Work required: Go through the entries and say how many lines contain the string "DIMENSIONS". The number is the whole answer.

Records supplied:
....................

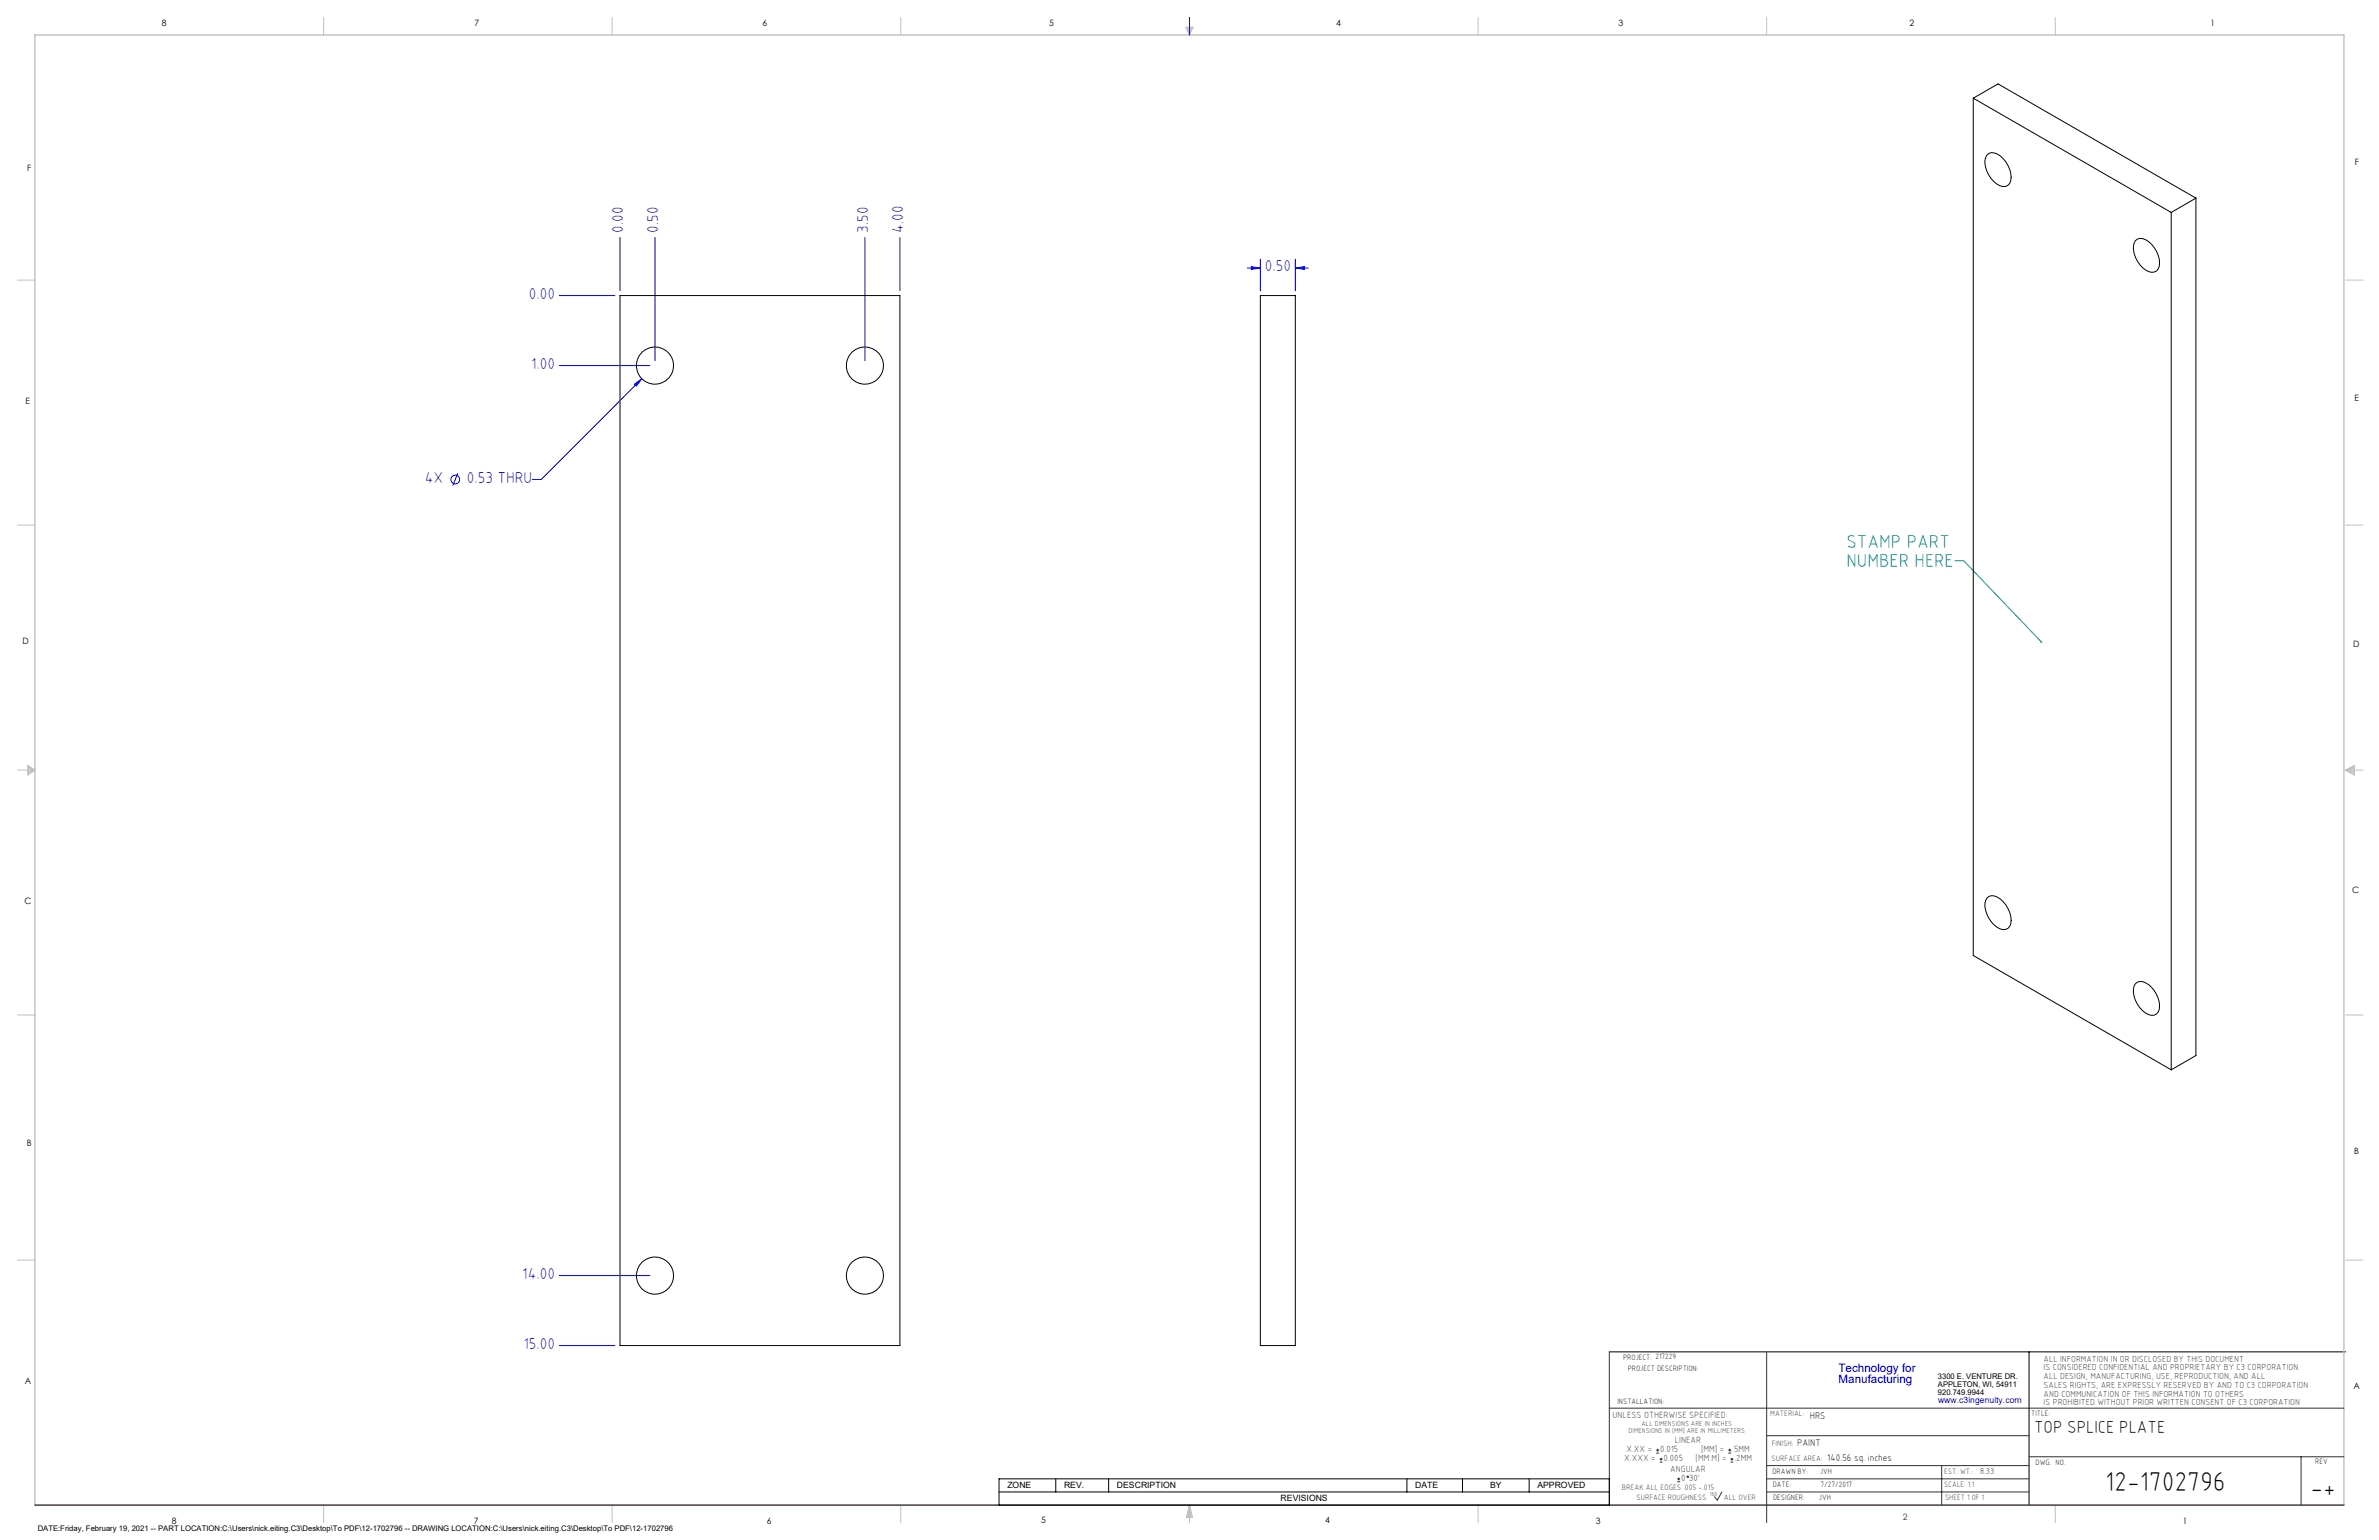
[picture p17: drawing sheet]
<svg xmlns="http://www.w3.org/2000/svg" width="864mm" height="559mm" viewBox="0 0 864 559" stroke-linecap="round" stroke-linejoin="round" font-family="sans-serif">
<defs><g id="words">
<g font-size="9.9">
<text x="764.2" y="541.1">12-1702796</text>
<text x="838.7" y="543.2">-+</text>
</g>
<g font-size="6.8" fill="#008080">
<text x="670.3" y="199">STAMP PART</text>
<text x="670.3" y="205.8">NUMBER HERE</text>
</g>
<text font-size="6.3" x="738.4" y="519.9">TOP SPLICE PLATE</text>
<g font-size="5.7" fill="#00f">
<text x="226.2" y="84.5" transform="rotate(-90 226.2 84.5)">0.00</text>
<text x="238.9" y="84.5" transform="rotate(-90 238.9 84.5)">0.50</text>
<text x="315.1" y="84.5" transform="rotate(-90 315.1 84.5)">3.50</text>
<text x="327.8" y="84.5" transform="rotate(-90 327.8 84.5)">4.00</text>
<text x="459.1" y="98.4">0.50</text>
<text x="192" y="108.4">0.00</text>
<text x="192.8" y="133.8">1.00</text>
<text x="154.2" y="175.1">4X</text>
<text x="169.5" y="175.1">0.53 THRU</text>
<text x="189.6" y="464">14.00</text>
<text x="190" y="489.4">15.00</text>
</g>
<g font-size="4.2" fill="#00f">
<text x="667.4" y="497.7">Technology for</text>
<text x="667.4" y="502">Manufacturing</text>
</g>
<g font-size="3.5">
<text x="657" y="514.9">HRS</text>
<text x="652.4" y="524.7">PAINT</text>
<text x="663.3" y="530.1">140.56 sq. inches</text>
</g>
<g font-size="3.3" fill="#382c30">
<text x="585.4" y="514.4">UNLESS OTHERWISE SPECIFIED:</text>
<text x="590.4" y="526.8">X.XX =</text>
<text x="602.6" y="526.8">0.015</text>
<text x="608" y="523.6">LINEAR</text>
<text x="617.5" y="526.8">[MM] =</text>
<text x="628.8" y="526.8">.5MM</text>
<text x="589.6" y="530.1">X.XXX =</text>
<text x="603.9" y="530.1">0.005</text>
<text x="606.3" y="534">ANGULAR</text>
<text x="615.5" y="530.1">[MM.M] =</text>
<text x="629.6" y="530.1">.2MM</text>
<text x="610.3" y="537.3">0</text>
<text x="613.2" y="537.3">30'</text>
</g>
<g font-size="3.2">
<text x="58.8" y="9.6">8</text>
<text x="172.3" y="9.5">7</text>
<text x="276.8" y="9.5">6</text>
<text x="380.9" y="9.6">5</text>
<text x="485" y="9.5">4</text>
<text x="587.5" y="9.5">3</text>
<text x="693.1" y="9.5">2</text>
<text x="802.4" y="9.5">1</text>
<text x="854.9" y="59.8">F</text>
<text x="9.9" y="62">F</text>
<text x="9.3" y="146.5">E</text>
<text x="854.7" y="145.5">E</text>
<text x="8.2" y="233.6">D</text>
<text x="854.3" y="234.9">D</text>
<text x="8.9" y="328.1">C</text>
<text x="853.9" y="324.1">C</text>
<text x="9.7" y="415.8">B</text>
<text x="854.6" y="418.6">B</text>
<text x="9" y="502">A</text>
<text x="854.3" y="503.9">A</text>
<text x="62.3" y="552.9">8</text>
<text x="172" y="552.9">7</text>
<text x="278.3" y="552.9">6</text>
<text x="377.9" y="552.8">5</text>
<text x="481" y="552.8">4</text>
<text x="579.3" y="552.8">3</text>
<text x="792.4" y="552.8">1</text>
</g>
<g font-size="3.2" fill="#382c30">
<text x="741.9" y="494.1">ALL INFORMATION IN OR DISCLOSED BY THIS DOCUMENT</text>
<text x="741.9" y="497.3">IS CONSIDERED CONFIDENTIAL AND PROPRIETARY BY C3 CORPORATION.</text>
<text x="741.9" y="500.4">ALL DESIGN, MANUFACTURING, USE, REPRODUCTION, AND ALL</text>
<text x="741.9" y="503.6">SALES RIGHTS, ARE EXPRESSLY RESERVED BY AND TO C3 CORPORATION</text>
<text x="741.9" y="506.8">AND COMMUNICATION OF THIS INFORMATION TO OTHERS</text>
<text x="741.9" y="510">IS PROHIBITED WITHOUT PRIOR WRITTEN CONSENT OF C3 CORPORATION</text>
<text x="718.8" y="534.7">8.33</text>
<text x="690.7" y="551.6">2</text>
</g>
<text font-size="3.1" fill="#00f" x="703.5" y="509.2">www.c3ingenuity.com</text>
<g font-size="3.1">
<text x="365.7" y="540">ZONE</text>
<text x="386.3" y="540">REV.</text>
<text x="405.5" y="540">DESCRIPTION</text>
<text x="464.9" y="544.8">REVISIONS</text>
<text x="513.7" y="540">DATE</text>
<text x="540.9" y="540">BY</text>
<text x="558.1" y="540">APPROVED</text>
</g>
<g font-size="2.8">
<text x="589.2" y="493.3">PROJECT: 217229</text>
<text x="590.9" y="497.3">PROJECT DESCRIPTION:</text>
<text x="703.5" y="500.5">3300 E. VENTURE DR.</text>
<text x="703.5" y="503.3">APPLETON, WI, 54911</text>
<text x="587.1" y="509.6">INSTALLATION:</text>
<text x="703.5" y="506.2">920.749.9944</text>
<text x="737.3" y="513.8">TITLE:</text>
<text x="738.9" y="531.5">DWG. NO.</text>
<text x="840.5" y="531.3">REV</text>
<text x="643.4" y="534.9">DRAWN BY:</text>
<text x="643.5" y="539.7">DATE:</text>
<text x="660.7" y="534.7">JVH</text>
<text x="660.9" y="539.6">7/27/2017</text>
<text x="643.6" y="544.4">DESIGNER:</text>
<text x="660.3" y="544.3">JVH</text>
<text x="13.7" y="555.5">DATE:Friday, February 19, 2021 -- PART LOCATION:C:\Users\nick.eiting.C3\Desktop\To PDF\12-1702796 -- DRAWING LOCATION:C:\Users\nick.eiting.C3\Desktop\To PDF\12-1702796</text>
</g>
<g font-size="2.8" fill="#382c30">
<text x="642.6" y="513.8">MATERIAL:</text>
<text x="643.2" y="524.8">FINISH:</text>
<text x="643.1" y="530.1">SURFACE AREA:</text>
<text x="705.7" y="534.7">EST. WT.:</text>
<text x="705.7" y="539.7">SCALE: 1:1</text>
<text x="588.8" y="540.5">BREAK ALL EDGES .005 -.015</text>
<text x="594" y="544.2">SURFACE ROUGHNESS</text>
<text x="625.8" y="544.2">ALL OVER</text>
<text x="706.1" y="544.4">SHEET 1 OF 1</text>
</g>
<g font-size="2.5" fill="#382c30">
<text x="591.2" y="520.1">DIMENSIONS IN [MM] ARE IN MILLIMETERS</text>
<text x="595.9" y="517.3">ALL DIMENSIONS ARE IN INCHES</text>
</g>
<text font-size="2.2" fill="#382c30" x="620.6" y="542.9">160</text>
</g></defs>
<path d="M584.2 490.5h267.3M736.6 490.5v55.6M362.7 536.6h221.5v9.5h-221.5zM383.3 536.6v4.8M402.4 536.6v4.8M510.7 536.6v4.8M530.9 536.6v4.8M555.1 536.6v4.8M362.7 541.4h221.5" fill="none" stroke="#000" stroke-width=".36"/>
<g fill="none" stroke="#c0c0c0" stroke-width=".36">
<path d="M117.5 6.4v6.3M222.2 6.4v6.3M327 6.4v6.3M430.4 9.9h2.7l-1.3 2.8zM430.9 9.9l.9 2.8M431.2 9.9l.6 2.8M432.1 9.9l-.3 2.8M432.6 9.9l-.8 2.8M536.6 6.4v6.3M641.3 6.4v6.3M746.1 6.4v6.3M6.3 101.6h6.4"/>
<path d="M851.5 101.6h6.3M6.3 190.5h6.4M851.5 190.5h6.3M6.3 279.4h6.4M10.1 277.7l2.6 1.7-2.6 1.9zM10.1 278.2l2.6 1.2M10.1 278.8l2.6 .6M12.7 279.4l-2.6 1.2M12.7 279.4l-2.6 .5M851.5 279.4h6.3M851.5 279.4l3.1 .5M851.5 279.4l3.1 1.2"/>
<path d="M851.5 279.4l3.1-1.7v3.6zM854.6 278.8l-3.1 .6M854.6 278.2l-3.1 1.2M6.3 368.3h6.4M851.5 368.3h6.3M6.3 457.2h6.4M851.5 457.2h6.3M117.5 546.1v6.4M222.2 546.1v6.4M327 546.1v6.4M431.8 546.1v6.4M431.8 546.1l1.1 4.5h-2.2z"/>
<path d="M431.8 546.1l.6 4.5M431.8 546.1l-.9 4.5M431.8 546.1l-.4 4.5M431.8 546.1l.3 4.5M536.6 546.1v6.4M746.1 546.1v6.4"/>
</g>
<path d="M12.7 546.1v-533.4h838.2v533.4" fill="none" stroke="#c0c0c0" stroke-width=".5"/>
<g fill="none" stroke="#00f" stroke-width=".36">
<path d="M431.8 6.4v6.3M225.1 86.1v19.4M237.8 86.1v44.8M314 86.1v44.8M326.7 86.1v19.4M452.8 97.3h4.7M454.2 96.8l3.3 .5-3.3 .5zM457.5 94.1v11.4M470.2 97.3l3.3-.5v1zM470.2 94.1v11.4M470.2 97.3h4.8M203.1 107.2h20.2"/>
<path d="M203.1 132.6h32.9M230.3 139.4l2.7-2-2 2.7zM233 137.4l-36.6 36.6h-3.1M166.2 171.7l-1.8 4.5M203.1 462.8h32.9M203.1 488.2h20.2"/>
<circle cx="165.3" cy="174" r="1.59"/>
</g>
<path d="M584.2 490.5v55.6M641.3 490.7v61.8M584.2 511h266.7M641.3 520.9h95.3M641.3 531.8h95.3M641.3 536.6h95.3M704.8 531.8v14.3M736.6 528.6h114.3M835.3 528.6v17.5M625.1 541.4l-1.7 2.9-1-1.2M641.3 541.4h95.3" fill="none" stroke="#382c30" stroke-width=".36"/>
<path d="M12.7 546.1h838.2" fill="none" stroke="#382c30" stroke-width=".5"/>
<path d="M709.7 203.5h3.2l28.1 29.4" fill="none" stroke="#008080" stroke-width=".36"/>
<path d="M740.8 232.6h.4l.1 .6-.3-.3 .3 .3-.6-.1z" fill="#008080"/>
<g fill="#00f">
<path d="M230.3 139.4l2.7-2-2 2.7z"/>
<path d="M454.2 96.8l3.3 .5-3.3 .5zM470.2 97.3l3.3-.5v1z"/>
</g>
<g fill="none" stroke="#000" stroke-width=".36">
<path d="M716.3 35.6v311.1l71.9 41.5M716.3 35.6l71.9 41.5M716.3 35.6l9-5.2 71.8 41.5M721.3 56.2a3.3 3.3 0 0 1 4.8 .4 9.2 9.2 0 0 1 3.5 9.9 2.9 2.9 0 0 1-4.6 .4 9.7 9.7 0 0 1-4.2-9.8zM788.2 77.1v311.1M797.1 71.9l-8.9 5.2M797.1 71.9v311.1l-8.9 5.2M775.2 87.3a2.88 2.88 0 0 1 3.7-.3 10 10 0 0 1 4.9 9.6 2.9 2.9 0 0 1-4.9 1.4 9.7 9.7 0 0 1-4.2-9.8zM225.1 107.2h101.6v381h-101.6zM457.5 107.2h12.7v381h-12.7zM721.3 325.8a3.3 3.3 0 0 1 4.8 .4 9.1 9.1 0 0 1 3.5 9.9 2.93 2.93 0 0 1-4.6 .4 9.7 9.7 0 0 1-4.2-9.8zM775.2 356.9a2.88 2.88 0 0 1 3.7-.3 10 10 0 0 1 4.9 9.6 2.9 2.9 0 0 1-4.9 1.4 9.7 9.7 0 0 1-4.2-9.8z"/>
<circle cx="237.8" cy="132.7" r="6.7"/>
<circle cx="314" cy="132.7" r="6.7"/>
<circle cx="237.8" cy="462.9" r="6.7"/>
<circle cx="314" cy="462.9" r="6.7"/>
</g>
<g fill="none" stroke="#382c30" stroke-width=".36">
<path d="M601.2 527.3h1.1M601.2 526.2h1.1M601.7 525.7v1M602.5 530.5h1M602.5 529.5h1M603 529v1M608.9 537.7h1M608.9 536.6h1M609.4 536.1v1.1M627.4 527.3h1M627.4 526.2h1M627.9 525.7v1"/>
<path d="M628.2 530.5h1M628.2 529.5h1M628.7 529v1"/>
<circle cx="612.7" cy="535.9" r=".27"/>
</g>
<use href="#words"/>
</svg>

....................

Reply: 2